It felt so good at the time. We went shopping for nice clothes, spent money at the nicer bars, and we went to every final house party we could manage. We had surprisingly done it. We fought through college and now we had our first real adult achievement: a degree. I was so excited for what was ahead of me. I was going to travel, get a second dog, throw parties in my one bedroom apartment that had pretty much maintained a well-known status of being a studying dungeon for the past year. I was going to go out more, and I was going to meet more people. I had the free time now, and everything was going to be great. There was nothing but good things waiting for me in the real world.
Looking back, I wonder how I managed to miss the reality of post-grad. I had many older friends that were going through their first year of post-grad, and each of them were struggling with their lives in some way. Some experienced break-ups with their serious significant others, and others were facing the struggles of real commitment. More friends struggled to find jobs or, at least, jobs that made them happy. Some friends even had a nice mixture of struggles in both their love and career lives. I had been there for all of it, and I never actually thought that this was just another step in the growing up process. I just figured this was where their lives were, and my life was going to be different.

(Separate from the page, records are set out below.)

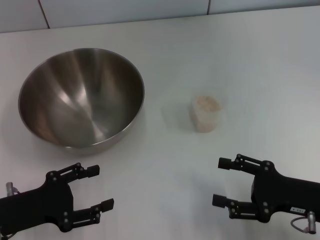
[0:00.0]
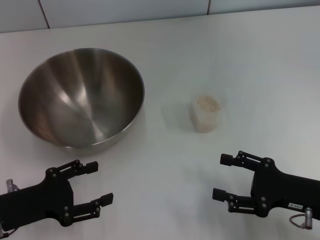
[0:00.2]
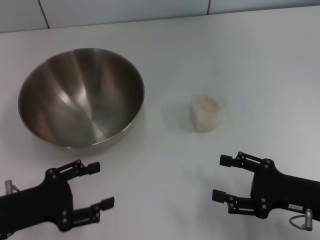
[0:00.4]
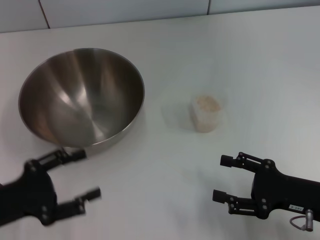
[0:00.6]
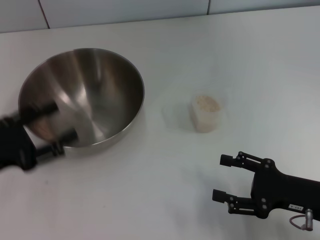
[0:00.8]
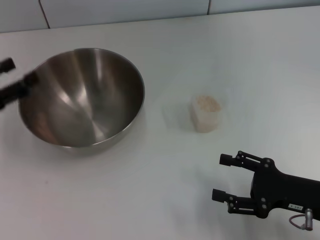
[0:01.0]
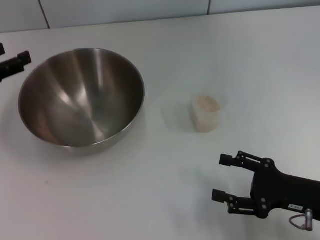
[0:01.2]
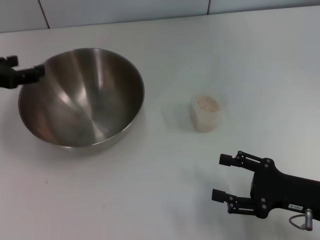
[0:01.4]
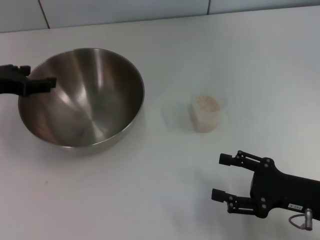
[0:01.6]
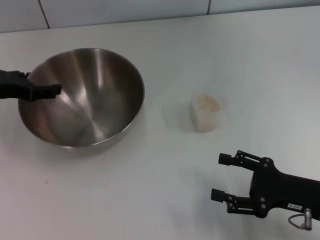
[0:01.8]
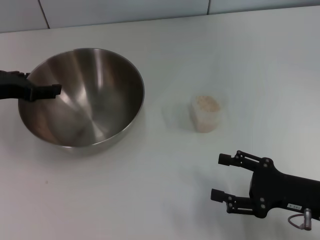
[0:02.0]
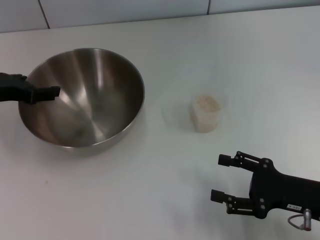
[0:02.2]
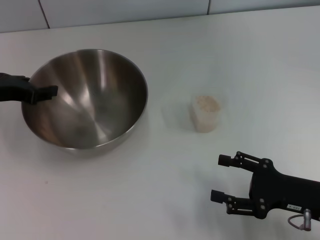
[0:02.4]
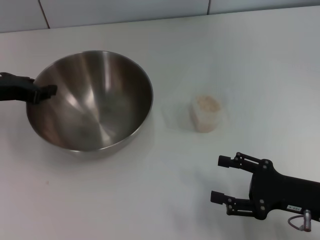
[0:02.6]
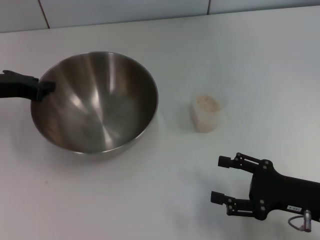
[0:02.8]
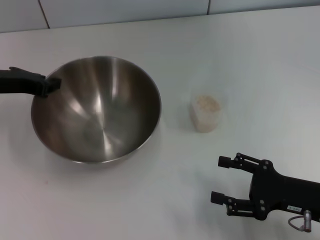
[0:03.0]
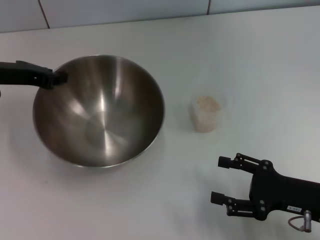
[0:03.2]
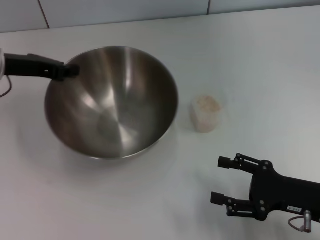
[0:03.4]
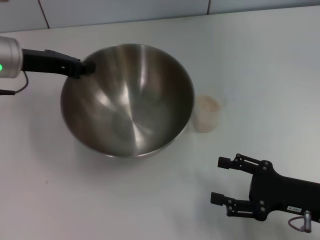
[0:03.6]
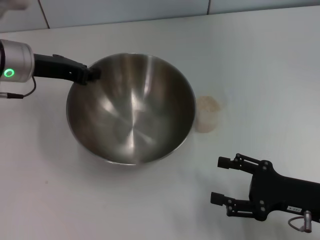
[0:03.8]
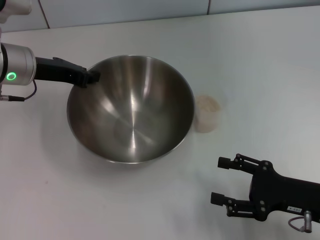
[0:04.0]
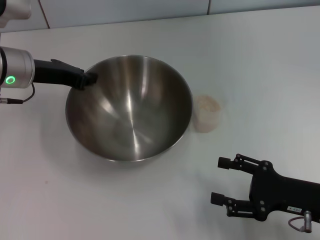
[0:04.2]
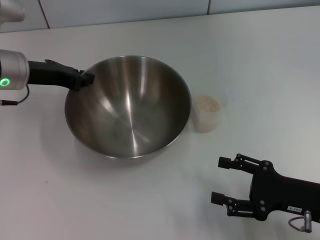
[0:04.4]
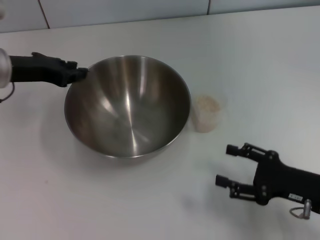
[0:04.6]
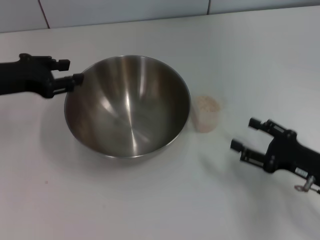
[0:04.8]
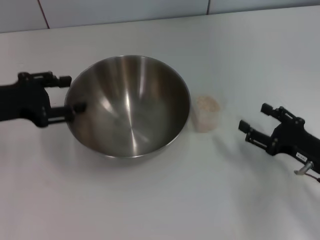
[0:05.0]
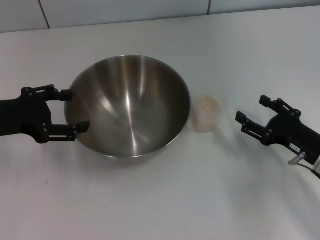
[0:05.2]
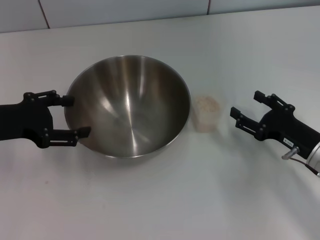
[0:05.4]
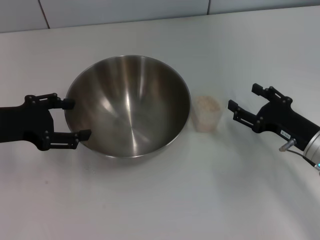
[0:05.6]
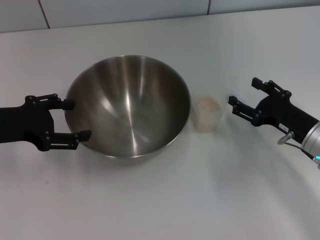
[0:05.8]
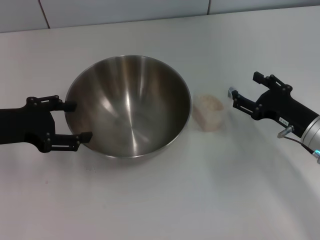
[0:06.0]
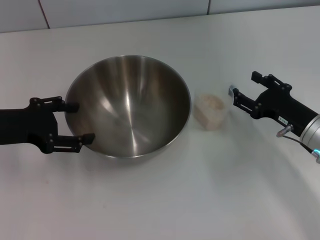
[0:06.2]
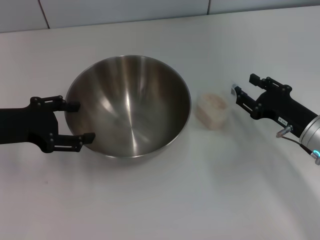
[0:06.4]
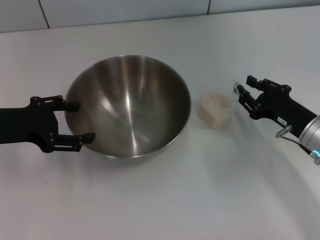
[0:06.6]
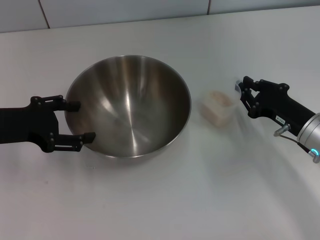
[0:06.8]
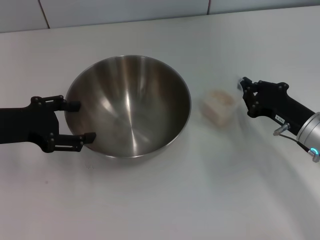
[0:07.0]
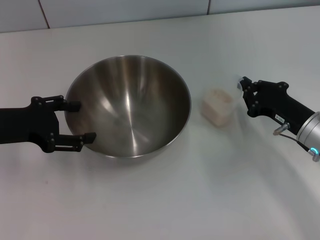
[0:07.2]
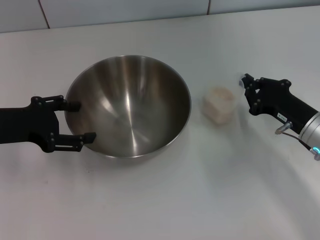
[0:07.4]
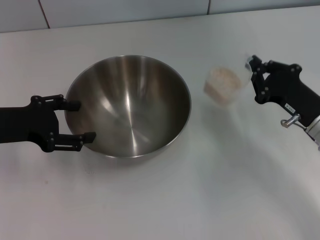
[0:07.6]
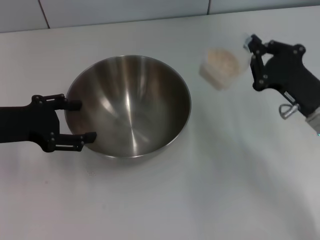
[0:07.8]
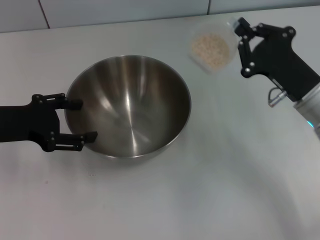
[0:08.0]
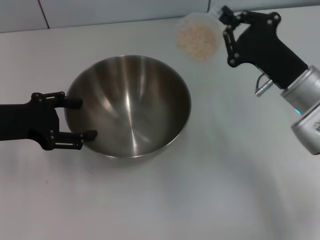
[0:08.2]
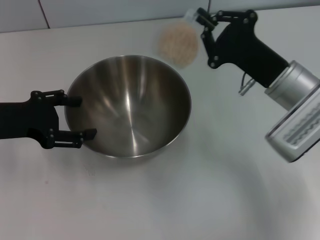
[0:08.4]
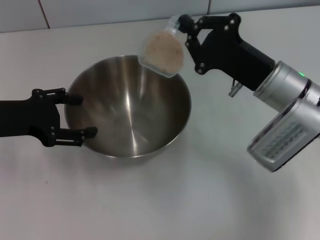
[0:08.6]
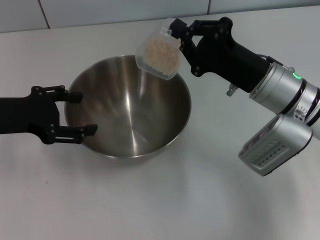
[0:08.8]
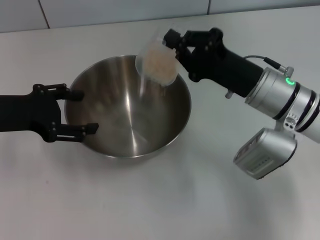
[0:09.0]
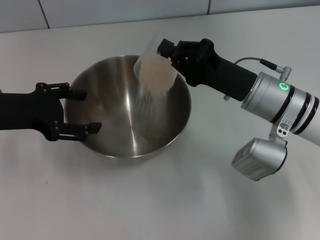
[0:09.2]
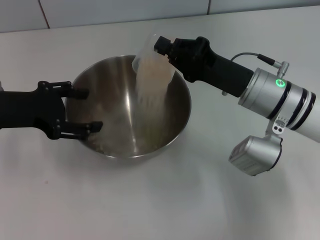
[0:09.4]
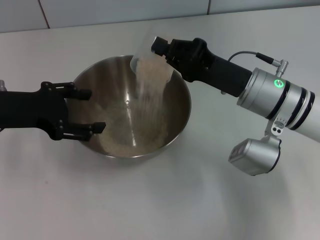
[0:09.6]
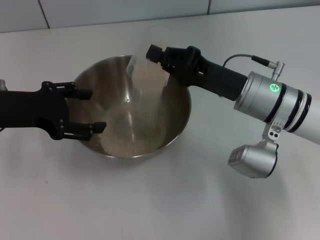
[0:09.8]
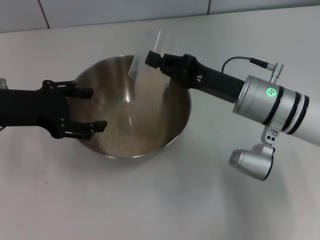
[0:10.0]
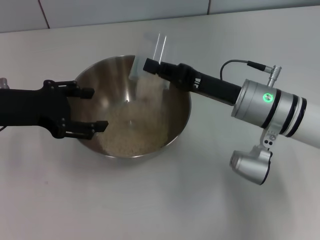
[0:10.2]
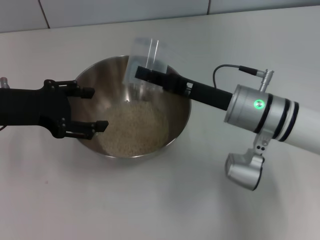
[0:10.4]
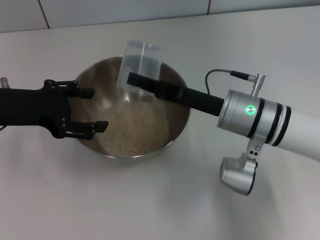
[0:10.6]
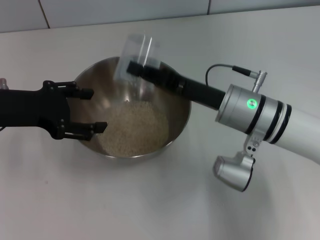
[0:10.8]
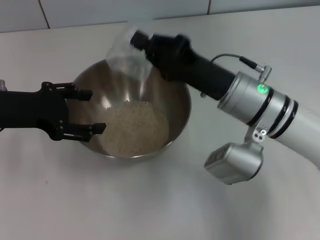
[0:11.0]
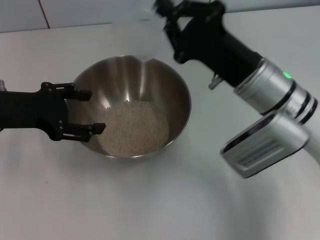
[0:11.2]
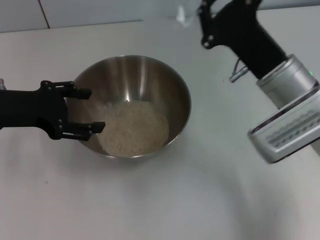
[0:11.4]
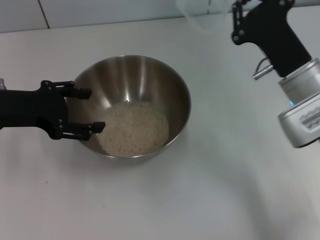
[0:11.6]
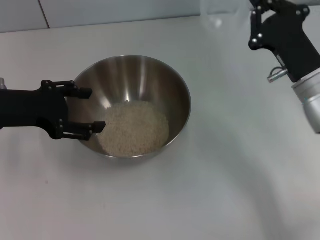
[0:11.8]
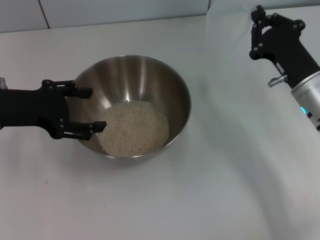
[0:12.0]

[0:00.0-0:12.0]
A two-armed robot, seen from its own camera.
Task of the whole recording: Place the bowl in the middle of the table with one hand and pour the rice from the grain cup into it with the other hand.
Step, 0:00.0 to 0:03.2: Pick up the bowl with the left gripper.
Step, 0:03.4 to 0:05.0: Place the bowl in the center of view with the left gripper.
Step, 0:05.2 to 0:07.8: Pick up the cup with rice in it with the right gripper.
Step, 0:08.0 to 0:11.6: Pour the rice from the cup into the bowl with the right gripper.
0:00.0 to 0:01.6: The left gripper is displaced forward and upward by roughly 20 cm.
0:01.6 to 0:03.0: The left gripper closes.
0:03.0 to 0:04.4: The left gripper ends up some 5 cm from where it was.
0:04.4 to 0:06.0: The right gripper travels forward by about 10 cm; the left gripper goes roughly 10 cm backward and to the left, and opens.
0:06.0 to 0:07.6: The right gripper closes its fingers.
0:07.6 to 0:09.0: The right gripper shifts some 10 cm to the left.
0:10.4 to 0:12.0: The right gripper goes some 10 cm to the right.

Once I graduated, I really ended up more concerned with money and having a savings account. I got two jobs, and while one was extremely fun, the other was probably the worst decision I had ever made career-wise. I was miserable even if it was a position that I had hoped to have for my post-grad career. Since I was working two jobs, I never had a day to take a break from the dread that outlined each day. When I did get time off, those rare days became days to run errands, and that just made the free time feel like another day of work. Every day was essentially the same, and no amount of going out to eat or laughing with friends was changing the way life felt.

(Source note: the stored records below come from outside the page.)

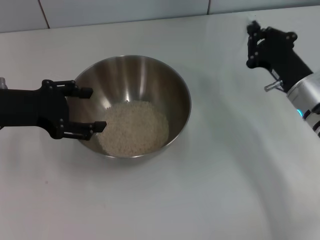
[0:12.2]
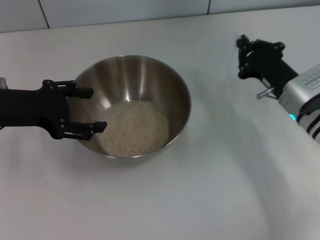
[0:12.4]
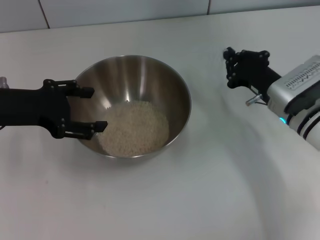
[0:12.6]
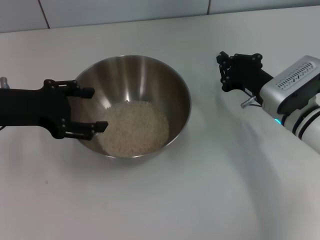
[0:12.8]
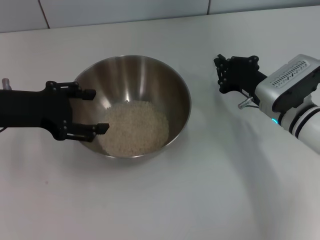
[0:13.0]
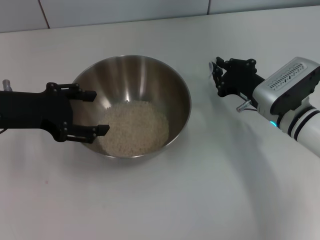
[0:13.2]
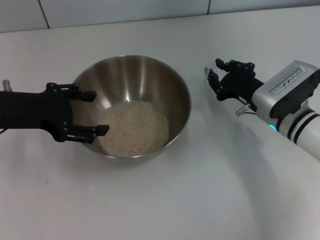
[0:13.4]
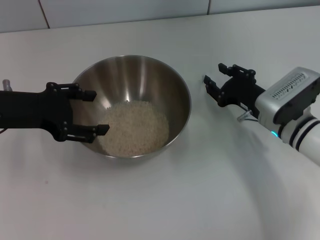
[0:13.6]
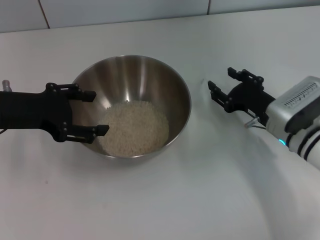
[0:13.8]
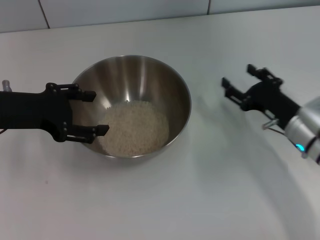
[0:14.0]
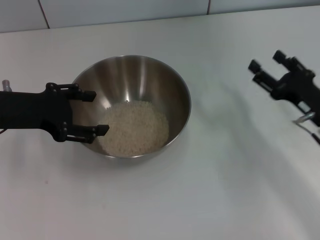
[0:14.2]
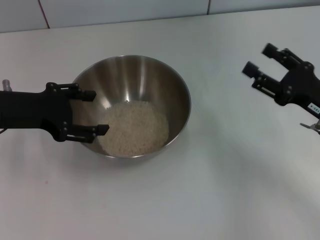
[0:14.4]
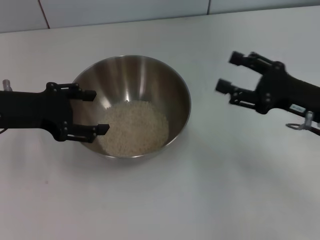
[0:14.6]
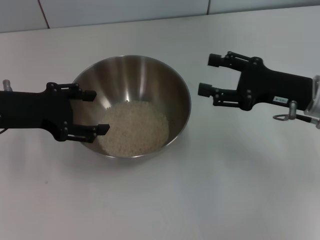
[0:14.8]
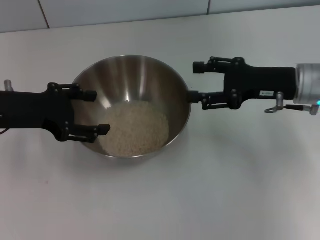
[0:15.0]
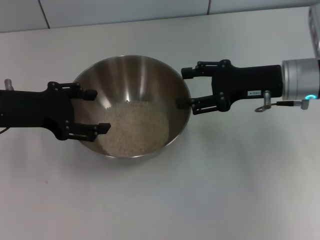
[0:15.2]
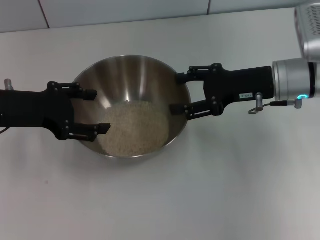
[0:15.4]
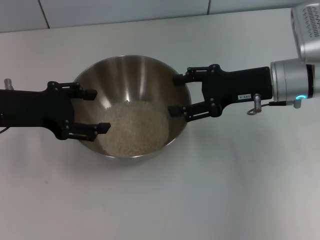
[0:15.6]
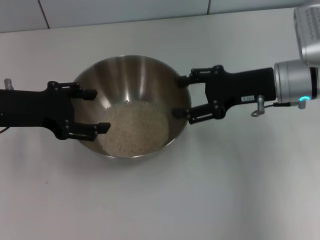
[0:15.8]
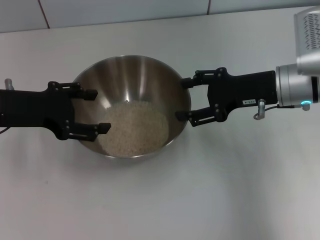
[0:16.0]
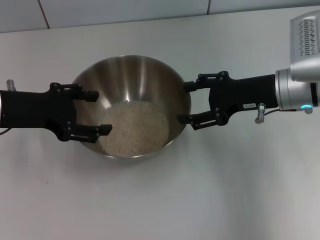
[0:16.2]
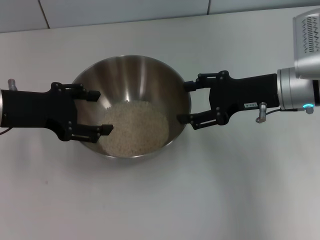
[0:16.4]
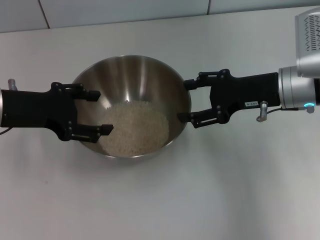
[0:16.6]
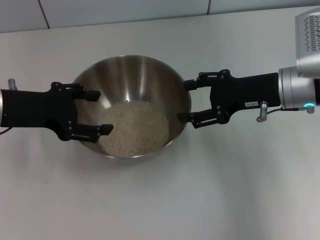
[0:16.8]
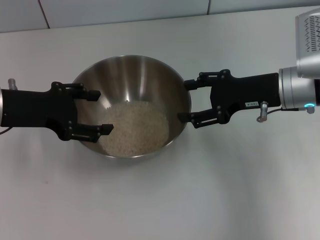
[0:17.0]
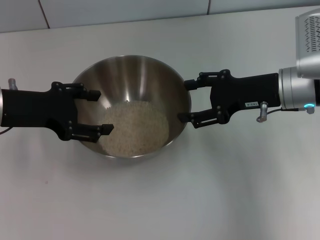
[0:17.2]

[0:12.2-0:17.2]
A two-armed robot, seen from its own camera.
Task of the whole recording: Place the bowl in the middle of the table with one hand and pour the rice from the grain cup into it with the other hand.
Step, 0:12.2 to 0:14.0: Place the cup on the table with the right gripper.
0:12.2 to 0:13.8: The right gripper opens up.
0:13.8 to 0:15.6: The right gripper moves upward and forward, roughly 10 cm, and opens up.
0:15.6 to 0:17.2: The grippers stay close to where they were, moving slightly.

In mid-summer, while work was at its slowest, and life dragged on, I surprisingly got a call from my university. I had an incomplete in a class from not doing a final paper, and they were hoping I would turn it in so they could write out my diploma. I was taken aback and lied saying that I had already written it up. I would definitely turn it in next week. I rolled my eyes and sighed. I was already working two jobs, and now I managed to completely forget about not doing a final term paper when I got sick during finals? Life is really trying to wear me down.

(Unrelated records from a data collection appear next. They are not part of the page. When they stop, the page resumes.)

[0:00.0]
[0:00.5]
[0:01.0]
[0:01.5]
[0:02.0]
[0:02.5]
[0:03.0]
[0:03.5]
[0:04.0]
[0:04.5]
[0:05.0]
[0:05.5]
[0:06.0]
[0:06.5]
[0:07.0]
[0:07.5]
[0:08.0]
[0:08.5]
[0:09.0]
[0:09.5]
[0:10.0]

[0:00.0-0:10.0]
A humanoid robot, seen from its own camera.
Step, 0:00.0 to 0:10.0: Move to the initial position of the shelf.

I went back to finding the assignment. A simple comparison paper on two novels we had read during the semester. I got to it, and started reading the novels again, looking for similarities in themes and motifs. I started searching the authors. I dove into Wikipedia articles and interviews on YouTube. I got really into my assignment and all the little things it was teaching me. Research was letting me forget that I never had time off. Reading was keeping me at peace. Turmoil at work got worked out with the turmoil the protagonists faced in their plots. I stopped worrying about problem solving at work, and focused on problem-solving the most effective format of my paper. Days stopped blurring by because each day became a new development in progress on my paper, and in about a week, it was finished.
With no paper left to keep me occupied, I got bored again. I started noticing the way the hours dragged on again. I kept going out, thinking it would alleviate my boredom. One night, after a fun night out, I noticed a voicemail from an ex. She was checking in after having talked about me with friends earlier in the day. It was a thoughtful voicemail, and it made me think about all the girls I had ever dated. I pulled out the notes and photos I kept from each of them, and I thought to turn the memories into a nice project. I started relearning poetry forms. I researched different ways to self-publish. I started researching contemporary writers in my age range to see what they were creating. I started learning again.